Here is a repost from Tim Lott, CPA, CVA and Ellen Dorner of NL Transitions, a Dental Brokerage firm.
The easy answer is no, it is not necessarily needed. In most states it is not a legally binding agreement anyway, so why go through the effort?
There are actually some very good reasons why having a LOI is crucial to every dental practice transaction, in spite of it not always being a legally binding agreement. In my opinion, there really is no downside to having one. Let’s discuss what a letter of intent is and what purposes it serves.

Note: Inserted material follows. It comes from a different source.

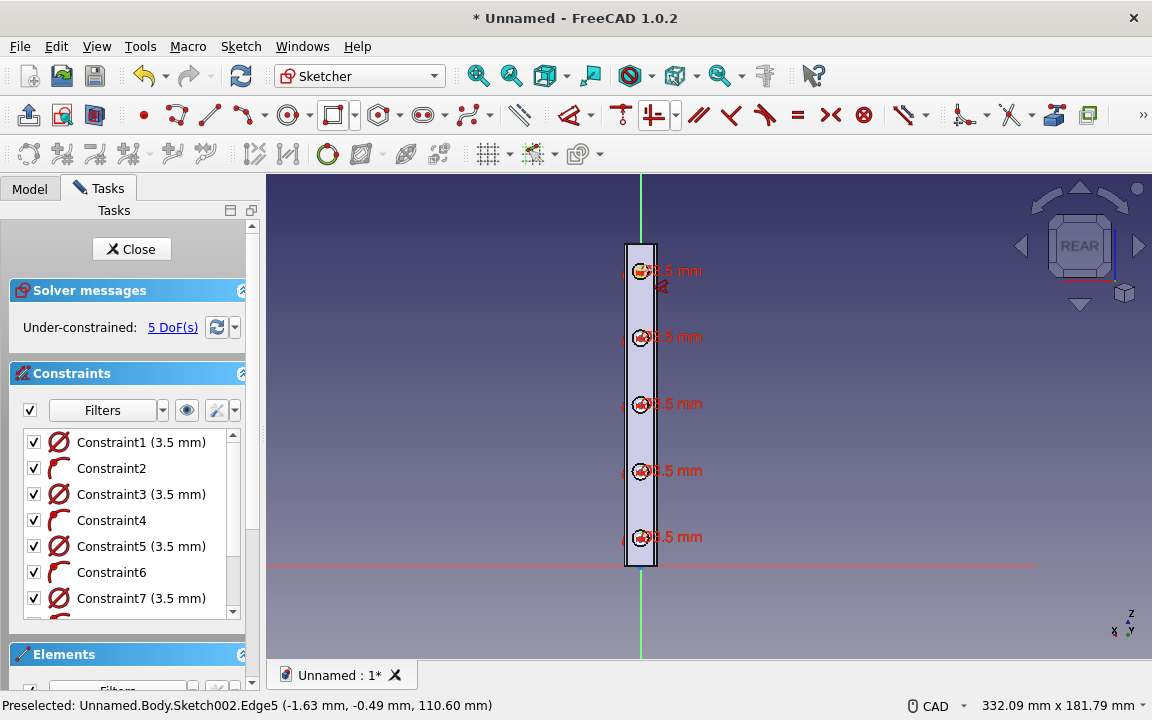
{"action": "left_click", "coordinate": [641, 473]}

The primary purpose of the letter of intent is just as it’s titled, to lay out what one’s intent is as it relates to the transaction at hand. It should be a one or two page letter or memo detailing some of the major points of the transaction. In the case of a sale or purchase of a dental practice, some of these major points typically identify: what’s being purchased, the parties involved, the price, the timing of the payment, the structure of the transaction, exclusions, covenant details, seller’s compensation and general terms, buyer contingencies, time frames for acceptance of offer and due diligence, deposit requirements, etc.
As mentioned above, since the majority of these letters are NOT necessarily legally binding and may be somewhat boiler-plate, they shouldn’t cost too much in the way of professional fees to put one together. While you may not need to have an attorney involved to draft and submit a letter of intent, we do suggest you have attorney look over it before submitting it to the other party. If you can hammer out the meat of the transaction BEFORE engaging your attorney you may save money and a lot of headaches having your attorneys iron out these issues.
The letter should be a way for the parties to document what they believe has been discussed as it pertains to the major points. It serves as a way to let the seller know your intent to purchase the dental practice is serious enough to make a written offer and should give them some level of confidence that you’ll be committed to the transaction.
It is customary for the seller to require a deposit with the signed letter of intent. The amounts can vary, however, it’s usually in the range of $5,000. Many times the deposit is non-refundable so if the buyer walks away from the transaction, the seller is covered for any professional fees they’ve incurred to entertain the offer. If a seller requires a substantial deposit then the seller may also have to commit to a penalty if they walk away.
The drawback of NOT having a LOI is that without consensus on the main points, the two parties can wind up going back and forth, or worse, the attorneys or other professionals go back and forth on the main points and the parties wind up spending more in professional fees than they have to. Do yourself a favor and minimize your stress level, start with a LOI BEFORE jumping right to the legal agreements.